The required pressure range is described by the following equation: [0022] $\begin{matrix} \frac{2 σ}{w_{G}} > P_{BUB} - P_{HT} > \frac{2 σ}{w_{T}} & Equation 2 \end{matrix}$
The difference in pressure is defined by the differential between the bubble pressure P[0023] _BUBand the hot tub pressure P_HT. σ is the surface tension of the fluid. w_Gis the width of the gap while w_Tis the width of the trench. A typical range of pressure differences would be 3500 to 9000 Pascals.
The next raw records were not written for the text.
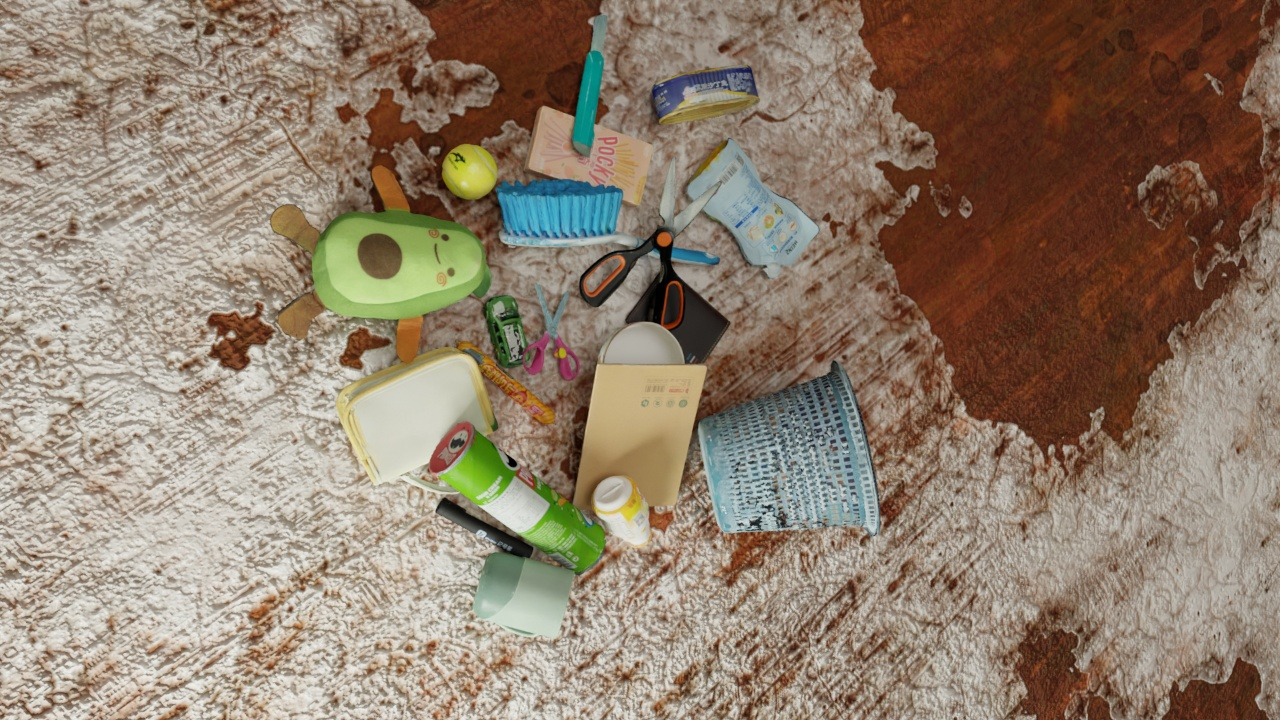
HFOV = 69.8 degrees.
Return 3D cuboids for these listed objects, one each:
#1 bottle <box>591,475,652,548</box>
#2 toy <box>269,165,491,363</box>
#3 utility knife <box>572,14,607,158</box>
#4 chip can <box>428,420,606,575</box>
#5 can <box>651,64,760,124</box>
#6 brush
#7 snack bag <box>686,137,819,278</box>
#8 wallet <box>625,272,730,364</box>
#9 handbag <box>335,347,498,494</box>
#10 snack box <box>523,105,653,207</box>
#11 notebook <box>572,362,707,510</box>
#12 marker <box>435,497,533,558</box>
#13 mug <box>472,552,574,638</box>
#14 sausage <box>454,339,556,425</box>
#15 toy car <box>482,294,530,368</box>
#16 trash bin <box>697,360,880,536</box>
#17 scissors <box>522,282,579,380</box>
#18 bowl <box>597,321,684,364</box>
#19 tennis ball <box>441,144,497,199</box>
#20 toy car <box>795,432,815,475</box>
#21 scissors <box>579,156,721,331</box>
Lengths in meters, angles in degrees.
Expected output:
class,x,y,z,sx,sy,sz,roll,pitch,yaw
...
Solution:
class,x,y,z,sx,sy,sz,roll,pitch,yaw
bottle,-0.019,0.194,1.158,0.063,0.063,0.108,-43,135,-17
toy,-0.289,-0.109,1.046,0.246,0.090,0.227,-7,95,-21
utility knife,-0.061,-0.353,1.168,0.029,0.013,0.209,14,73,-20
chip can,-0.141,0.168,1.089,0.236,0.072,0.072,43,74,-29
can,0.087,-0.351,1.213,0.148,0.075,0.049,-16,93,-22
brush,-0.032,-0.170,1.169,0.314,0.060,0.110,-4,120,-21
snack bag,0.155,-0.205,1.260,0.191,0.039,0.110,44,69,-18
wallet,0.051,-0.052,1.226,0.122,0.020,0.096,39,76,-15
handbag,-0.254,0.087,1.083,0.163,0.063,0.179,-25,114,-21
snack box,-0.065,-0.259,1.174,0.157,0.026,0.084,14,84,-22
notebook,-0.003,0.098,1.158,0.147,0.008,0.208,1,116,-23
marker,-0.190,0.207,1.123,0.132,0.020,0.022,33,48,-18
mug,-0.144,0.289,1.105,0.106,0.082,0.112,15,125,-4
sausage,-0.165,0.028,1.132,0.165,0.021,0.021,41,75,-17
toy car,-0.163,-0.036,1.128,0.043,0.036,0.091,-17,92,-21
trash bin,0.181,0.128,1.172,0.195,0.226,0.226,-12,94,5
scissors,-0.114,-0.031,1.140,0.128,0.017,0.133,-33,111,-47
bowl,-0.007,0.007,1.176,0.113,0.062,0.113,-1,92,-24
tennis ball,-0.204,-0.225,1.095,0.065,0.065,0.065,0,89,-23
toy car,0.234,0.144,1.291,0.056,0.037,0.122,-19,84,-20
scissors,0.022,-0.133,1.164,0.221,0.021,0.222,-27,114,0
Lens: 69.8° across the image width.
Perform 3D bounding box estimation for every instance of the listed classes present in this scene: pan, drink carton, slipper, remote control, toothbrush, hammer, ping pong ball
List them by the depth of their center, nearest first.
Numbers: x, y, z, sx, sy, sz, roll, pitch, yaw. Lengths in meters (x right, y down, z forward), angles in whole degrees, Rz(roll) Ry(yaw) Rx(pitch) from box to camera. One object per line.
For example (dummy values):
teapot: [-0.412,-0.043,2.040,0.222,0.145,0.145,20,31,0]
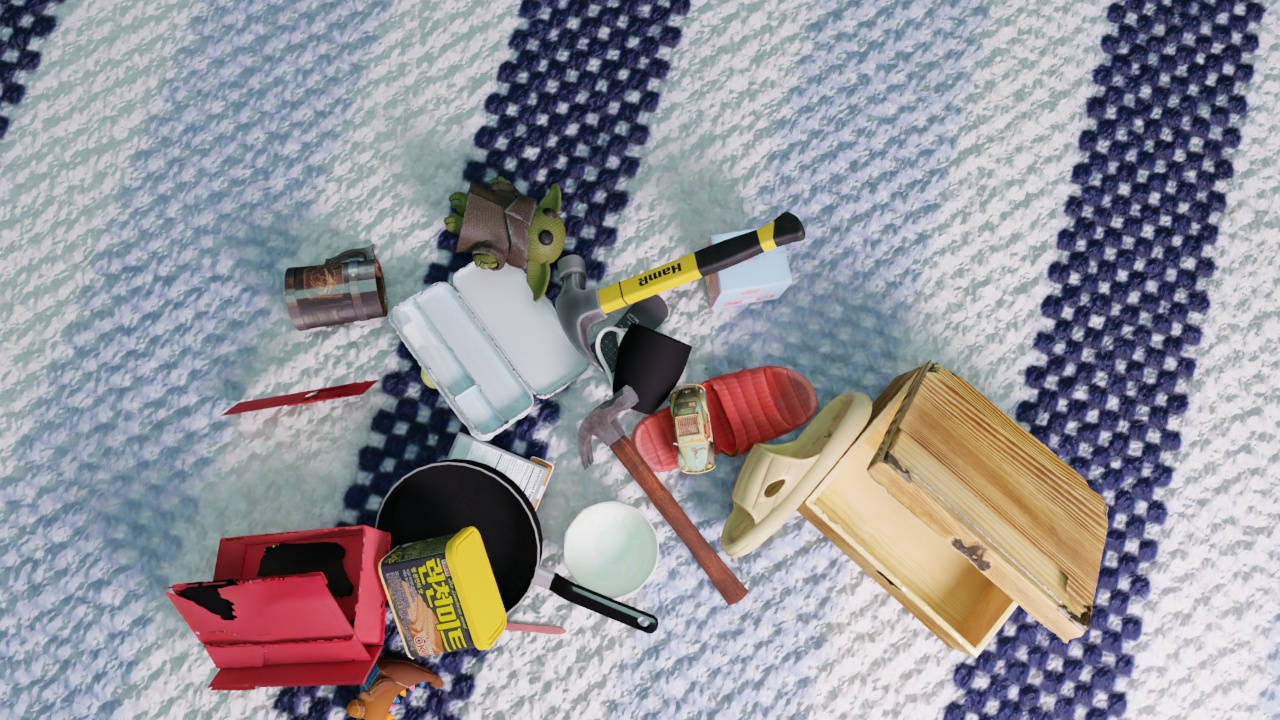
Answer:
pan: [-0.145,0.243,1.092,0.356,0.044,0.204,21,103,6]
hammer: [0.044,-0.102,1.116,0.325,0.034,0.169,-20,57,17]
slipper: [0.174,0.123,1.127,0.079,0.111,0.261,44,86,-7]
toothbrush: [-0.183,0.326,1.132,0.184,0.016,0.015,7,88,-4]
drink carton: [-0.179,0.142,1.143,0.125,0.048,0.076,22,80,0]
hammer: [0.032,0.180,1.143,0.111,0.028,0.300,-36,92,27]
ping pong ball: [-0.258,0.016,1.162,0.040,0.040,0.040,1,81,-3]
slipper: [0.108,0.072,1.167,0.248,0.059,0.103,-18,83,-5]
remote control: [-0.015,-0.038,1.201,0.046,0.009,0.124,44,81,4]

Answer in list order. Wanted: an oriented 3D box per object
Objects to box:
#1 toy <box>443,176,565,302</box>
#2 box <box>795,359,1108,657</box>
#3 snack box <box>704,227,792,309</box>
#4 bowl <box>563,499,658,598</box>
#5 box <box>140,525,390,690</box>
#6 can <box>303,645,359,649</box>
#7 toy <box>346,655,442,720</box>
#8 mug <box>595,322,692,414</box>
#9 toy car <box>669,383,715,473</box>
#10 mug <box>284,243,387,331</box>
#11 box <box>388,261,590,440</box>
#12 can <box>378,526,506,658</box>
toy: [-0.170,-0.170,1.167,0.152,0.078,0.179,12,63,-13]
box: [0.387,0.157,1.072,0.279,0.264,0.269,41,79,5]
snack box: [0.134,-0.119,1.179,0.093,0.095,0.079,-10,82,-4]
bowl: [-0.035,0.229,1.130,0.117,0.061,0.117,0,85,2]
box: [-0.416,0.379,0.949,0.215,0.138,0.466,-7,49,17]
can: [-0.380,0.352,1.104,0.079,0.038,0.038,17,80,-1]
toy: [-0.295,0.404,1.104,0.103,0.071,0.090,19,93,-23]
mug: [-0.007,0.007,1.161,0.119,0.085,0.100,23,94,11]
toy car: [0.061,0.084,1.122,0.047,0.047,0.112,-9,88,14]
mug: [-0.383,-0.098,1.161,0.107,0.080,0.115,-8,55,-6]
box: [-0.189,-0.025,1.165,0.189,0.038,0.209,-37,85,-27]
can: [-0.227,0.268,1.054,0.101,0.072,0.131,-14,98,16]
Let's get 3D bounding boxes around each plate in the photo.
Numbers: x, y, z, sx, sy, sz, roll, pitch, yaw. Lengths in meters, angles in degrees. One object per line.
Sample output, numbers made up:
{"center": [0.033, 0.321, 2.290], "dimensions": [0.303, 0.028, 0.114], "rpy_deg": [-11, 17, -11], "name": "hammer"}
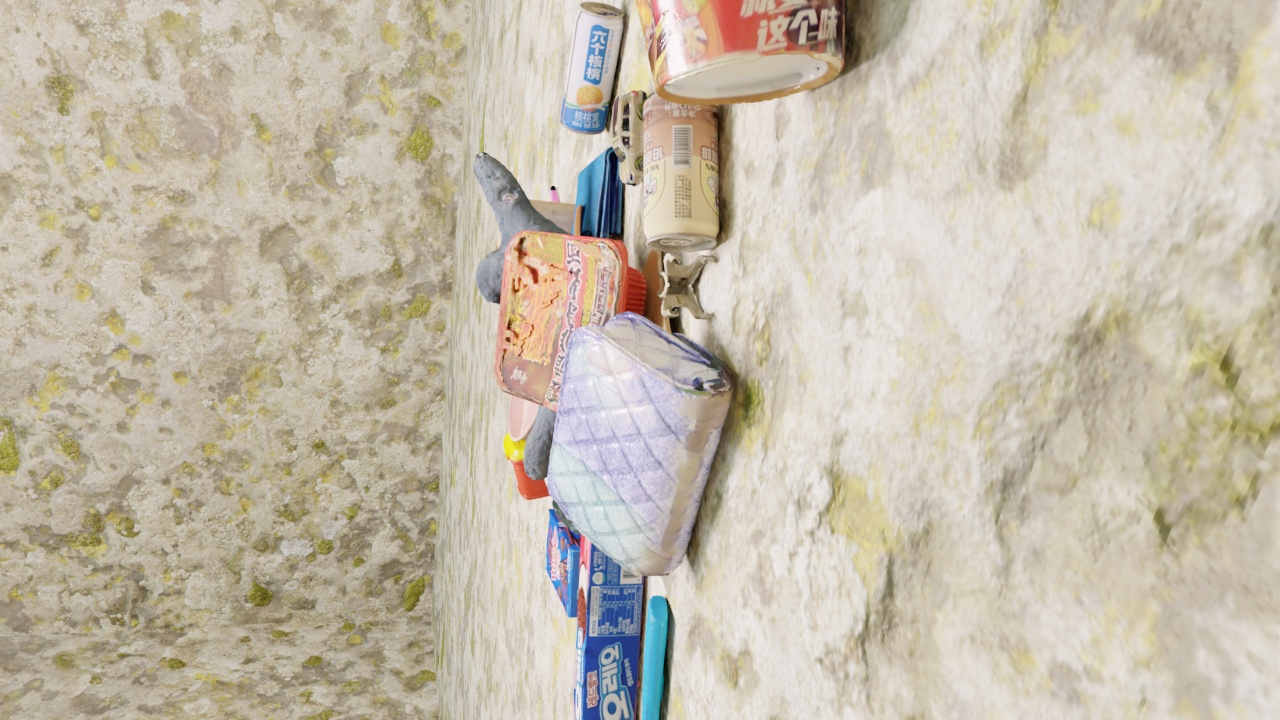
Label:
{"center": [-0.125, -0.004, 1.202], "dimensions": [0.230, 0.028, 0.229], "rpy_deg": [-165, 91, -72], "name": "plate"}

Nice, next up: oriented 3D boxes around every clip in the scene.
{"center": [0.031, -0.049, 0.749], "dimensions": [0.103, 0.035, 0.092], "rpy_deg": [124, 145, -69], "name": "clip"}

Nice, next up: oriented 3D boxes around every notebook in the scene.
{"center": [-0.005, 0.005, 0.885], "dimensions": [0.208, 0.008, 0.147], "rpy_deg": [111, 160, -48], "name": "notebook"}

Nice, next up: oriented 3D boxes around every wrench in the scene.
{"center": [-0.053, 0.162, 0.999], "dimensions": [0.056, 0.016, 0.274], "rpy_deg": [47, 158, -3], "name": "wrench"}

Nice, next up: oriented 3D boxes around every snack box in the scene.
{"center": [-0.031, 0.263, 0.890], "dimensions": [0.058, 0.057, 0.207], "rpy_deg": [-154, 66, -75], "name": "snack box"}
{"center": [-0.138, 0.136, 1.235], "dimensions": [0.091, 0.082, 0.080], "rpy_deg": [-131, 31, -67], "name": "snack box"}
{"center": [-0.092, 0.249, 1.145], "dimensions": [0.157, 0.026, 0.084], "rpy_deg": [-150, 62, -71], "name": "snack box"}

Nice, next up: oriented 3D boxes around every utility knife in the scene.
{"center": [0.010, 0.308, 0.814], "dimensions": [0.034, 0.018, 0.199], "rpy_deg": [-115, 28, -80], "name": "utility knife"}

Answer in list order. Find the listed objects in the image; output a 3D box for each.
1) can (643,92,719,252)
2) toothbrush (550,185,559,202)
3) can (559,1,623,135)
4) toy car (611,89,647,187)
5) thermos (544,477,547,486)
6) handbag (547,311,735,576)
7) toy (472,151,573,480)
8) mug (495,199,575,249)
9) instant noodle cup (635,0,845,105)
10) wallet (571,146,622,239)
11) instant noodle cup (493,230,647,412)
{"center": [0.031, -0.146, 0.711], "dimensions": [0.059, 0.058, 0.116], "rpy_deg": [162, 108, -73], "name": "can"}
{"center": [-0.112, -0.182, 1.277], "dimensions": [0.018, 0.014, 0.189], "rpy_deg": [92, 169, -48], "name": "toothbrush"}
{"center": [-0.054, -0.324, 1.023], "dimensions": [0.053, 0.053, 0.135], "rpy_deg": [-109, 26, -50], "name": "can"}
{"center": [-0.009, -0.216, 0.897], "dimensions": [0.042, 0.035, 0.090], "rpy_deg": [-172, 81, -74], "name": "toy car"}
{"center": [-0.080, 0.039, 1.060], "dimensions": [0.073, 0.073, 0.224], "rpy_deg": [170, 101, -73], "name": "thermos"}
{"center": [-0.002, 0.063, 0.730], "dimensions": [0.134, 0.075, 0.194], "rpy_deg": [36, 131, 31], "name": "handbag"}
{"center": [-0.097, -0.057, 0.980], "dimensions": [0.091, 0.138, 0.356], "rpy_deg": [158, 99, -85], "name": "toy"}
{"center": [-0.122, -0.150, 1.146], "dimensions": [0.125, 0.103, 0.084], "rpy_deg": [140, 129, -69], "name": "mug"}
{"center": [0.058, -0.211, 0.521], "dimensions": [0.138, 0.137, 0.108], "rpy_deg": [-178, 81, -74], "name": "instant noodle cup"}
{"center": [-0.051, -0.176, 1.034], "dimensions": [0.133, 0.040, 0.106], "rpy_deg": [-179, 95, -74], "name": "wallet"}
{"center": [-0.064, -0.035, 0.869], "dimensions": [0.189, 0.079, 0.164], "rpy_deg": [15, 99, 47], "name": "instant noodle cup"}
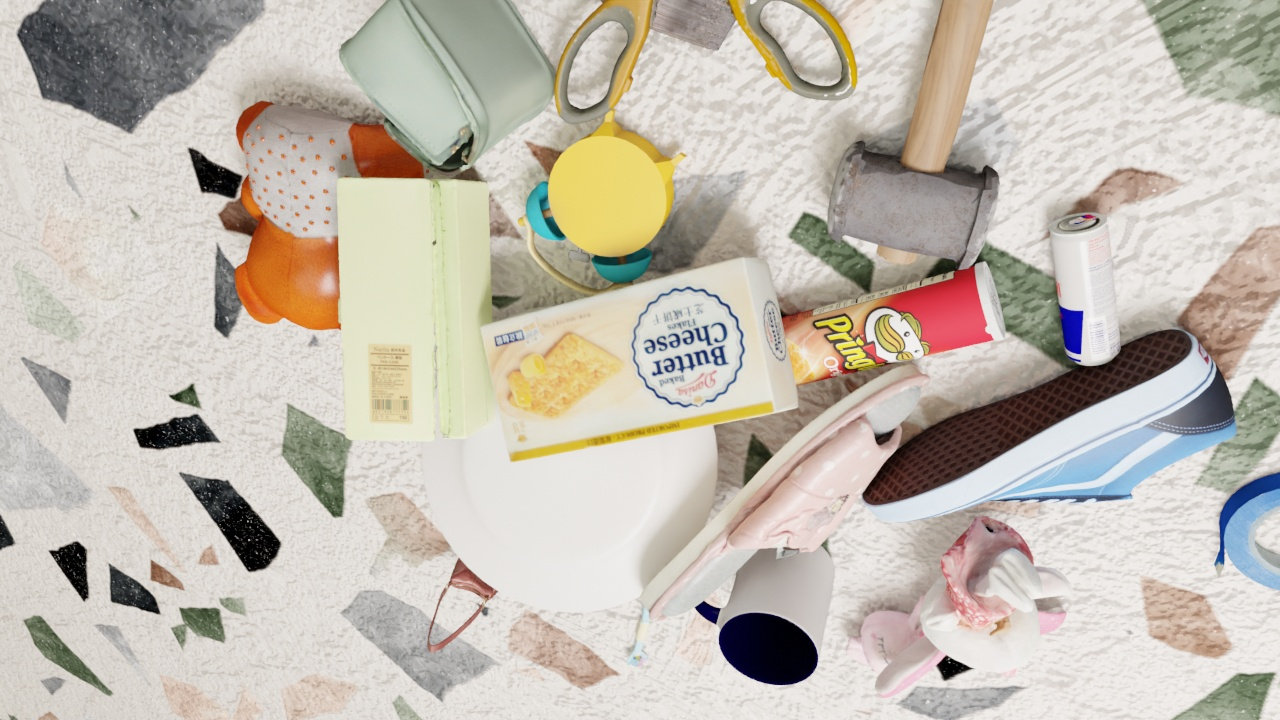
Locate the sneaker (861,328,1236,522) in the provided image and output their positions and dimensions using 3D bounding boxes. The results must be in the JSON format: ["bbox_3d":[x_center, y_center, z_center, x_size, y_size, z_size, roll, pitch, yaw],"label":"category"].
[{"bbox_3d":[0.274,0.076,0.621,0.242,0.083,0.098,-30,106,29],"label":"sneaker"}]

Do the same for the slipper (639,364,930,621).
[{"bbox_3d":[0.107,0.109,0.659,0.275,0.114,0.054,-47,65,20],"label":"slipper"}]

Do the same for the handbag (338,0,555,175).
[{"bbox_3d":[-0.118,-0.183,0.581,0.067,0.121,0.106,-28,107,32],"label":"handbag"}]

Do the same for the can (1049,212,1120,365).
[{"bbox_3d":[0.279,-0.043,0.574,0.032,0.032,0.095,-8,117,24],"label":"can"}]

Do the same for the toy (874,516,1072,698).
[{"bbox_3d":[0.247,0.179,0.657,0.159,0.084,0.194,-18,145,-6],"label":"toy"}]

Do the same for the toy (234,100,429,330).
[{"bbox_3d":[-0.244,-0.104,0.704,0.164,0.092,0.173,14,111,9],"label":"toy"}]

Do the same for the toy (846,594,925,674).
[{"bbox_3d":[0.220,0.230,0.756,0.063,0.047,0.110,36,121,-18],"label":"toy"}]

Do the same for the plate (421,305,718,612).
[{"bbox_3d":[-0.061,0.078,0.715,0.243,0.016,0.242,0,92,13],"label":"plate"}]

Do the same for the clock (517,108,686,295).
[{"bbox_3d":[-0.027,-0.106,0.645,0.099,0.043,0.130,33,119,-1],"label":"clock"}]

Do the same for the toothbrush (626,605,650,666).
[{"bbox_3d":[0.008,0.234,0.855,0.022,0.016,0.155,-1,126,-17],"label":"toothbrush"}]

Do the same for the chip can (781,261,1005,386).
[{"bbox_3d":[0.134,-0.014,0.635,0.215,0.051,0.052,-15,114,27],"label":"chip can"}]

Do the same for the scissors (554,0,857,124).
[{"bbox_3d":[0.024,-0.219,0.556,0.225,0.016,0.230,45,121,-11],"label":"scissors"}]

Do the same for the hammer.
[{"bbox_3d":[0.183,-0.206,0.507,0.098,0.052,0.329,15,121,11],"label":"hammer"}]

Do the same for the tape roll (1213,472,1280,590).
[{"bbox_3d":[0.446,0.117,0.620,0.093,0.016,0.091,4,121,18],"label":"tape roll"}]

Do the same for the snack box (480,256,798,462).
[{"bbox_3d":[-0.004,0.004,0.640,0.208,0.057,0.104,-13,88,25],"label":"snack box"}]

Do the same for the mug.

The higher pressure difference will push a bubble into the gap (Wg) and a lower pressure difference into the trench (Wt).

Claims

We claim:

1. A switching element for use along an optical path comprising:

a waveguide substrate having at least two optical waveguide segments on a first surface, including first and second waveguide segments having trenches etched so that the ends intersect at a cross point, the first and second waveguide segments being in fixed relation and generally parallel to the first surface;

a heater substrate positioned above the waveguide substrate such that a side heater is positioned at a side of the cross point, the sidewall heater being operative to dry the walls during switching operation;

the cross point having a trench with parallel walls;

a plenum interposing the waveguide substrate and the heater substrate; and

a liquid disposable within the plenum and the trench, the liquid being responsive to the side heater, wherein optical transmission from the first waveguide segment to the second waveguide segment is determined by a bubble within the trench.

2. An optical switch, as defined in claim 1, a conductive pad positioned above each sidewall heater.

3. An optical switch, as defined in claim 2, wherein the conductive pads are selected from a group that includes solder, silver, gold, composites of solder, composites of gold, composites of silver, alloys of solder, alloys of gold, and alloys of silver.

4. An optical switch, as defined in claim 1, wherein the liquid is a organic solvent having an index of refraction matched to an index of refraction of the waveguides.

5. An optical switch, as defined in claim 4, wherein the organic solvent is selected from a group that includes 2-fluorotoluene and fluorobenzene.

6. An optical switch, as defined in claim 1, wherein:

the heater substrate further including a nucleating heater, positioned within a cross point, operative to nucleate the bubble; and

the side heater operative to dry the sidewalls.

7. An optical switch, as defined in claim 6, wherein the liquid is a organic solvent having an index of refraction matched to an index of refraction of the waveguides.

8. An optical switch, as defined in claim 7, wherein the organic solvent is selected from a group that includes 2-fluorotoluene and fluorobenzene.

9. An optical switch, as defined in claim 7, wherein a pressure difference within the bubble varies between 3500 to 9000 Pascals.

10. An optical switch, as defined in claim 1, wherein a pressure difference within the bubble varies between 3500 to 9000 Pascals.

11. A method for operating an optical switch comprising:

applying a first power to nucleate a bubble within a trench of an optical switch; and

applying a second power to dry the walls of an optical switch.

12. A method, as defined in claim 11, wherein applying a second power includes:

applying an intermediate heat to quick dry the walls; and

applying a holding power to maintain the bubble.